The other possible failure mode is that there is a specific weakness in the design or layout at input I1. If that is the case it is very unlikely that the only pin combination that will see it is I1 to VDD2, since VDD2 is likely in an entirely different region of the integrated circuit. In fact, the most likely stresses to find a weakness in the I1 design are stresses to its associated power groups, VDD1 and VSS1. This matched the experience of the HBM working group when it developed JS-001 Table 2A.
3.2 Non-Supply to Non-Supply Stress
The traditional pin combinations, JS-001 Table 2B, required each non-supply pin to be stressed to all other non-supply pins tied together. This was sometimes called the “pin to the world” test. Experience of the working group was that this pin combination essentially never produced failures, or at least never produced failures not seen when stressing non-supply pins versus supply pin groups. This is not a surprising outcome if the expected current paths are examined, as shown in Figure 3
Figure 3 Current paths expected when stressing pin I1 versus all other non-supply pins
Figure 3 shows the current paths for a positive stress of I1 versus all other non-supply pins. The current begins with a well-defined path, through the steering diode to VDD1 and then through Supply 1 Protection to VSS1. The current then begins to spread out. The current can flow to all other non-supply pins connected to the power domain VDD1-VSS1 such as O1 as well as all non-supply pins on all other power domains. The only path which sees the full stress current is between I1 and VSS1, which is already stressed separately.
There was therefore considerable sentiment to eliminate all non-supply pin to non-supply pin testing. This was not done because it is known that some “coupled” non-supply pins could be weak when stressed versus each other. The JS-001 definition for a coupled non-supply pin pair is as follows:
Two pins, such as differential amplifier inputs, or low-voltage differential signaling (LVDS) pins, that have between them an intended direct current path, such as a pass gate or resistor.
Based on this the HBM working group replaced the more general non-supply to non-supply stress with stress only between coupled pairs of non-supply pins. This reduces the amount of non-supply to non-supply stressing considerably and focuses on pin combination that could be weak.

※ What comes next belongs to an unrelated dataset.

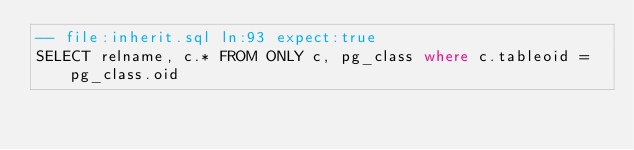<code> <loc_0><loc_0><loc_500><loc_500><_SQL_>-- file:inherit.sql ln:93 expect:true
SELECT relname, c.* FROM ONLY c, pg_class where c.tableoid = pg_class.oid
</code>

The use of the new pin combinations in JS-001 Table 2A considerably reduces test time and excessive stress for high pin count integrated circuits which have a high number of power supply groups. It is important to note that both Table 2A and Table 2B are acceptable for use in HBM testing. Which pin combination to use for HBM testing of a specific integrated circuit is a mix of engineering judgement and a business decision. I will discuss this in an upcoming blog post.